Must have two solutions: one that emphasizes speed and another that emphasizes clarity.
I wrote up this function attempting for speed:
#include <iostream>
#include <cstdio>
#include <cstdlib>
using namespace std;
void sortArray(int array[], int size)
{
int i = 0;
int j = 1;
int n = 0;
for (i = j; i < size;)
{
if (array[i] == 0)
{
n++;
i++;
}
else if (array[i] != 0 && j != i)
{
array[j++] = array[i++];
}
else
{
i++;
n++;
}
}
while (j < size)
{
array[j++] = 0;
}
}
int main()
{
//Example 1
int array[]{20, 0, 0, 3, 14, 0, 5, 11, 0, 0};
int size = sizeof(array) / sizeof(array[0]);
sortArray(array, size);
cout << "Result :\n";
for (int i = 0; i < size; i++)
{
cout << array[i] << " ";
}
cout << endl << "Press any key to exit...";
cin.get();
return 0;
}
It outputs correctly, but;
I don't know what the speed of it actually is, can anyone help me figure out how to calculate that?
I have no idea how to go about writing a function for "clarity"; any ideas?
I my experience, unless you have very complicated algorithm, speed and clarity come together:
void sortArray(int array[], int size)
{
int item;
int dst = 0;
int src = 0;
// collect all non-zero elements
while (src < size) {
if (item = array[src++]) {
array[dst++] = item;
}
}
// fill the rest with zeroes
while (dst < size) {
array[dst++] = 0;
}
}
Speed comes from a good algorithm.
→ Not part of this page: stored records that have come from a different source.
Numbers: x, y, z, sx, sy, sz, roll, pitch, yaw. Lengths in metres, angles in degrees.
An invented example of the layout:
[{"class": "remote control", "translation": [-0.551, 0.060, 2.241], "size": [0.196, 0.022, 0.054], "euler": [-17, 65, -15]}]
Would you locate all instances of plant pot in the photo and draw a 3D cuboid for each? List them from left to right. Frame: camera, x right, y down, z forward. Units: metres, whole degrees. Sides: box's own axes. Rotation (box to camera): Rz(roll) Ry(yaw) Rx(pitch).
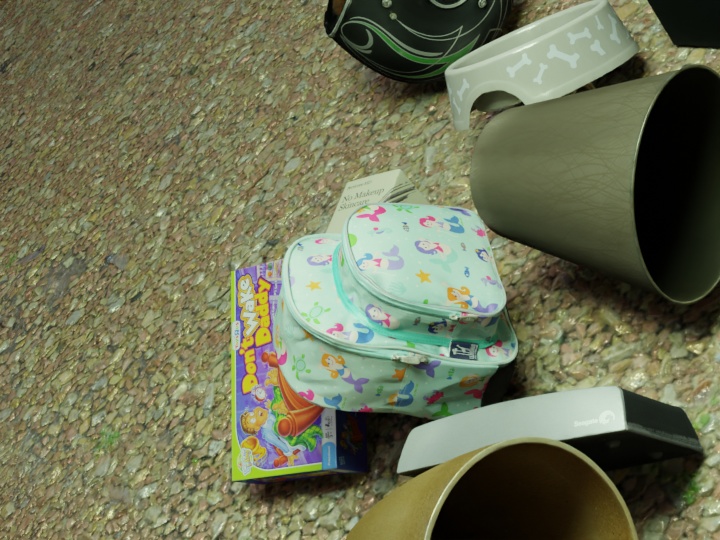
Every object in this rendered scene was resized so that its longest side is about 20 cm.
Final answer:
[{"class": "plant pot", "translation": [0.070, 0.221, 1.069], "size": [0.199, 0.186, 0.188], "euler": [-18, 37, 59]}]

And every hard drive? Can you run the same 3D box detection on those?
[{"class": "hard drive", "translation": [0.139, 0.128, 1.111], "size": [0.198, 0.134, 0.043], "euler": [-17, 67, 36]}]

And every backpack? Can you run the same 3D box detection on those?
[{"class": "backpack", "translation": [0.026, 0.035, 1.253], "size": [0.197, 0.152, 0.179], "euler": [0, 38, -8]}]

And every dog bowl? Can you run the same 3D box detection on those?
[{"class": "dog bowl", "translation": [0.172, -0.206, 1.460], "size": [0.198, 0.059, 0.200], "euler": [-24, 12, 5]}]

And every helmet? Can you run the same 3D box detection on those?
[{"class": "helmet", "translation": [0.071, -0.304, 1.641], "size": [0.200, 0.188, 0.203], "euler": [-165, 90, -77]}]

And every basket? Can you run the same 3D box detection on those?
[{"class": "basket", "translation": [0.194, -0.073, 1.207], "size": [0.199, 0.135, 0.183], "euler": [8, 98, 53]}]

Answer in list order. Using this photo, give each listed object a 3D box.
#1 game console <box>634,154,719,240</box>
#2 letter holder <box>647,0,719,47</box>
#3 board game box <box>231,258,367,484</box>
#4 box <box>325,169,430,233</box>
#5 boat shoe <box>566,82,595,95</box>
[{"class": "game console", "translation": [0.339, -0.079, 1.238], "size": [0.198, 0.117, 0.173], "euler": [-11, 75, 42]}, {"class": "letter holder", "translation": [0.376, -0.288, 1.364], "size": [0.143, 0.101, 0.199], "euler": [-51, 32, -15]}, {"class": "board game box", "translation": [-0.059, 0.091, 1.377], "size": [0.133, 0.044, 0.203], "euler": [-14, 72, 39]}, {"class": "box", "translation": [0.000, 0.000, 1.479], "size": [0.081, 0.068, 0.202], "euler": [-13, 44, 39]}, {"class": "boat shoe", "translation": [0.195, -0.114, 1.387], "size": [0.069, 0.074, 0.201], "euler": [-32, 33, 29]}]

Clarity comes from formatting, naming variables and commenting.
Speed as in complexity?
Since you are, and need, to look at all the elements in the array — and as such have a single loop going through the indexes in the range [0, N)—where N denotes the size of the input—your solution is O(N).
Further reading:
Plain English explanation of big O
Determining big O Notation
Regarding clearity
In my honest opinion there shouldn't need to be two alternatives when implementing such functionality as you are presenting. If you rename your variables to more suitable (descriptive) names your current solution should be clear enough to count as both performant and clear.
Your current approach can be written in plain english in a very clear fashion:
pseudo-explanation
set write_index to 0
set number_of_zeroes to 0
For each element in array
If element is 0
increase number_of_zeros by one
otherwise
write element value to position denoted by write_index
increase write_index by one
write number_of_zeroes 0s at the end of array
Having stated the explanation above we can quickly see that sortArray is not a descriptive name for your function, a more suitable name would probably be partition_zeroes or similar.
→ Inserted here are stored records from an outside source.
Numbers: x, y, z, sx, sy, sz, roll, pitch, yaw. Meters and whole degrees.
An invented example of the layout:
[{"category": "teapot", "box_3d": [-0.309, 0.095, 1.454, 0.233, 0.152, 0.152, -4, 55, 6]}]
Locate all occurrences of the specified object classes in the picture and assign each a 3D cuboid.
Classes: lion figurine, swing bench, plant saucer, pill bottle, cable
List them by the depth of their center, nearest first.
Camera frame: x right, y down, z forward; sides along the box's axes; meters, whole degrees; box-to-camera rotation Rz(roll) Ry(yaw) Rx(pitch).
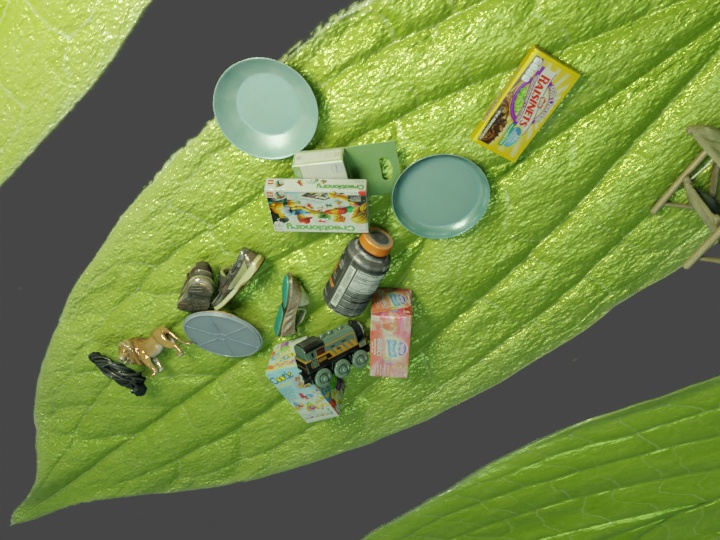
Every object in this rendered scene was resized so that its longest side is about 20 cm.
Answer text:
[{"category": "swing bench", "box_3d": [0.656, -0.131, 1.126, 0.129, 0.199, 0.201, 7, 129, 0]}, {"category": "plant saucer", "box_3d": [-0.177, -0.309, 1.170, 0.200, 0.039, 0.202, 3, 128, 4]}, {"category": "plant saucer", "box_3d": [0.163, -0.154, 1.259, 0.199, 0.027, 0.201, 0, 129, 0]}, {"category": "pill bottle", "box_3d": [0.000, 0.000, 1.349, 0.106, 0.106, 0.200, 21, 126, -11]}, {"category": "lion figurine", "box_3d": [-0.525, 0.192, 1.571, 0.200, 0.072, 0.123, -36, 89, 17]}, {"category": "cable", "box_3d": [-0.632, 0.259, 1.606, 0.163, 0.051, 0.200, 32, 156, 7]}]

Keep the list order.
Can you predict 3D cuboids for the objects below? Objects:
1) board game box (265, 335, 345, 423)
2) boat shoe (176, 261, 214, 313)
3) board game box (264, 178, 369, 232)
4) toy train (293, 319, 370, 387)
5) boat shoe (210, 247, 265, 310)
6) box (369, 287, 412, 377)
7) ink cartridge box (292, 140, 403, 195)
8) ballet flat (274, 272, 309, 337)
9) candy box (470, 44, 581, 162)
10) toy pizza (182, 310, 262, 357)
[{"category": "board game box", "box_3d": [-0.137, 0.280, 1.575, 0.104, 0.103, 0.200, -18, 124, 24]}, {"category": "boat shoe", "box_3d": [-0.378, 0.041, 1.440, 0.074, 0.074, 0.200, 16, 149, -23]}, {"category": "board game box", "box_3d": [-0.083, -0.129, 1.234, 0.199, 0.035, 0.127, 1, 144, 5]}, {"category": "toy train", "box_3d": [-0.066, 0.196, 1.471, 0.199, 0.085, 0.115, -24, 111, -26]}, {"category": "boat shoe", "box_3d": [-0.293, 0.016, 1.418, 0.065, 0.073, 0.200, 42, 121, -8]}, {"category": "box", "box_3d": [0.071, 0.149, 1.459, 0.094, 0.103, 0.201, 3, 127, 3]}, {"category": "ink cartridge box", "box_3d": [-0.021, -0.181, 1.228, 0.199, 0.048, 0.146, -3, 142, 10]}, {"category": "ballet flat", "box_3d": [-0.159, 0.080, 1.461, 0.067, 0.068, 0.201, 0, 136, -19]}, {"category": "candy box", "box_3d": [0.301, -0.302, 1.138, 0.102, 0.026, 0.200, 22, 127, -15]}, {"category": "toy pizza", "box_3d": [-0.339, 0.152, 1.527, 0.199, 0.032, 0.201, 6, 143, 5]}]

Adding comments could improve readability, but you current focus should lie in renaming your variables to better express the intent of the code.
(I feel your question is almost off-topic; I am answering it from a Linux perspective; I recommend using Linux to learn C++ programming; you'll adapt my advices to your operating system if you are using something else....)
speed
Regarding speed, you should have two complementary approaches.
The first (somehow "theoretical") is to analyze (i.e. think on) your algorithm and give (with some proof) its asymptotic time complexity.
The second approach (only "practical", and often pragmatical) is to benchmark and profile your program. Don't forget to compile with optimizations enabled (e.g. using g++ -Wall -O2 with GCC). Have a benchmark which runs for more than half of a second (so processes a large amount of data, e.g. several million numbers) and repeat it several times (e.g. using time(1) command on Linux). You could also measure some time inside your program using e.g. <chrono> in C++11, or just clock(3) (if you read a large array from some file, or build a large array of pseudo-random numbers with <random> or with random(3) you certainly want to measure separately the time to read or fill the array with the time to move zeros out of it). See also time(7).
(You need to process a large amount of data - more than a million items, perhaps many millions of them - because computer are very fast; a typical "elementary" operation -a machine instruction- takes less than a nanosecond, and you have lot of uncertainty on a single run, see this)
clarity
Regarding clarity, it is a bit subjective, but you might try to make your code readable and concise. Adding a few good comments could also help.
Be careful about naming: sorting is not exactly what your program is doing (it is more moving zeros than sorting the array)...
I think this is the best - Of course you may wish to use doxygen or some other
// Shift the non-zeros to the front and put zero in the rest of the array
void moveNonZerosTofront(int *list, unsigned int length)
{
unsigned int from = 0, to = 0;
// This will move the non-zeros
for (; from < length; ++from) {
if (list[from] != 0) {
list[to] = list[from];
to++;
}
}
// So the rest of the array needs to be assigned zero (as we found those on the way)
for (; to < length; +=to) {
list[to] = 0;
}
}

Large vector "Segmentation fault" error

I have gathered a large amount of extremely useful information from other peoples' questions and answers on SO, and have searched duly for an answer to this one as well. Unfortunately I have not found a solution to this problem.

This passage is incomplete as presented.